In fact i already made some progress in my slingshot making , it is cut and i have the holes drilled , but i have a couple of problems with it , and i'll make a new topic for that.

In the mean time i plan to just cut prototype sights out of plastic and attach them using some weak glue to test.

when i find one that i like I'll try to thing about it's more permanent attachment to the frame .

actually even now i learned a lot from this frame that i made.

i know that i liked some features of it (HTS) then tne seal sniper, some features i liked better in the seal sniper.

In the HTS i liked the added support for the middle finger and the ring finger , in the seal sniper they floated in air (for me)

In the seal sniper i liked the thumb support hold which put less stress on my wrist , and the pinky hole as well.

so i traced the features that i liked in each model into one mixed model and I'll attach a pic for it as well.

after i finish the HTS mod I'll go make the mixed model as well.

I only hope it's OK that i post these and that I was not wrong in modifying Bills designs without permission.


----------



## calinb (Apr 4, 2015)

gonene1 said:


> In the mean time i plan to just cut prototype sights out of plastic and attach them using some weak glue to test.
> 
> when i find one that i like I'll try to thing about it's more permanent attachment to the frame .


I am so sorry to hear of your family's illness troubles, gonene1! My family and I have had the worst flu viruses that I've ever experienced in my life over the last few years too.

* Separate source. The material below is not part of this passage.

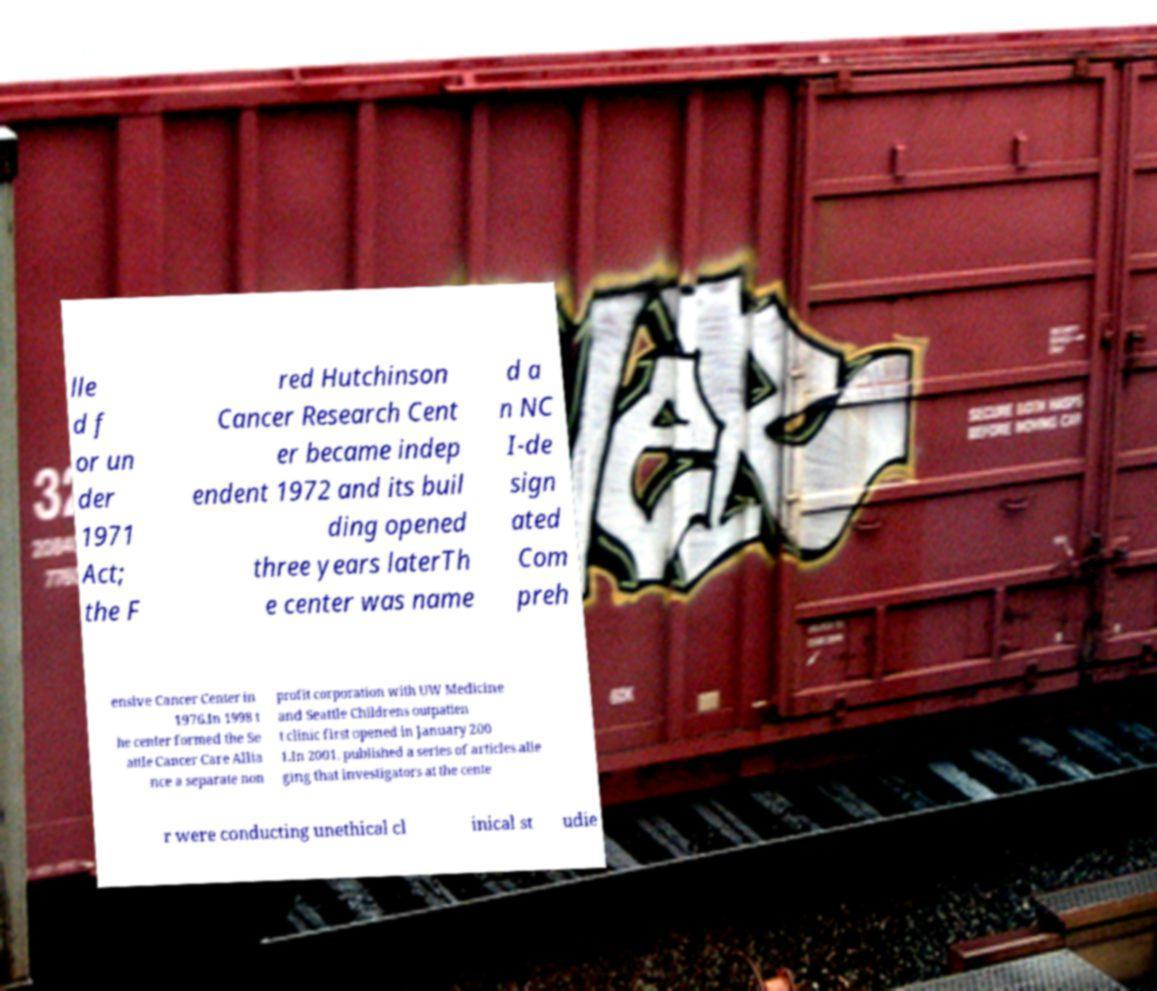I need the written content from this picture converted into text. Can you do that? lle d f or un der 1971 Act; the F red Hutchinson Cancer Research Cent er became indep endent 1972 and its buil ding opened three years laterTh e center was name d a n NC I-de sign ated Com preh ensive Cancer Center in 1976.In 1998 t he center formed the Se attle Cancer Care Allia nce a separate non profit corporation with UW Medicine and Seattle Childrens outpatien t clinic first opened in January 200 1.In 2001, published a series of articles alle ging that investigators at the cente r were conducting unethical cl inical st udie

If you've not thought of it yet, silicone RTV (the stuff sold in squeeze and caulk gun tubes) works great as an attachment adhesive for these kinds of things. It holds plastic to wood rather well and you can rub it off with your thumb and fingers after you remove the plastic. I think you'll be surprised how long it will last (indefinitely, really) but you do need to let it air cure overnight. Please be aware that it can interfere with paint, so you might want to put a finish on your SS first, if you are planning a polyurethane or something similar. Silicone RTV residue is the bane of automotive paint and body shops!



gonene1 said:


> I like my HTSS best for target shooting with relatively light bands. The hand position is very natural and repeatable.
> 
> actually even now i learned a lot from this frame that i made.
> 
> ...


For heavier bands / heavier draw, I like the pinkie hole and thumb brace of the Seal Sniper. I can oppose a high draw force better with a thumb brace than the more limited area of the HTSS thumb groove. The only problem is I'm only 57 years old (later this week, actually) but I have suffered from arthritis in most of my joints for several years now. I think my younger and fitter days filled with many seasons of national level ski racing in the winters and big wall free climbs in the summers (Yosemite and the Sierra-Nevada range mostly) have caught up to me. These sports put very heavy loads on the the body's back and joints. The great French ski racer of the 1960s, Jean-Claude Killy, even quit skiing while only in his 50s for this reason (his back). I haven't skied in years myself. For SS shooting it means that the thumb brace just doesn't work for me for very long without causing problems. I need a hammer grip for longer shooting sessions with heavy(ish) band sets (or my new Saunders Wrist Rocket Pro, but that's another thread for me yet to start too). Pre-thread teaser: In less than 1 hour of shooting my Pro for the first time, I became just as accurate with it as I am with any of my other SSs--the balls just fly about 50+ fps faster! :woot:

FWIW, my opinion is that emulation is the highest form of flattery. You didn't copy Bill's designs. Rather, you combined elements of them into your own design. Furthermore, the continued issuance of patents by the economically fascist patent office that can only be "defended" by an army of corporate lawyers notwithstanding (a philosophical assertion of mine that I'd be happy to discuss with others in the Off-Topic venue of these forums), Joerg Sprave is right--there's not much under the sun that's truly new when it comes to primitive weapons!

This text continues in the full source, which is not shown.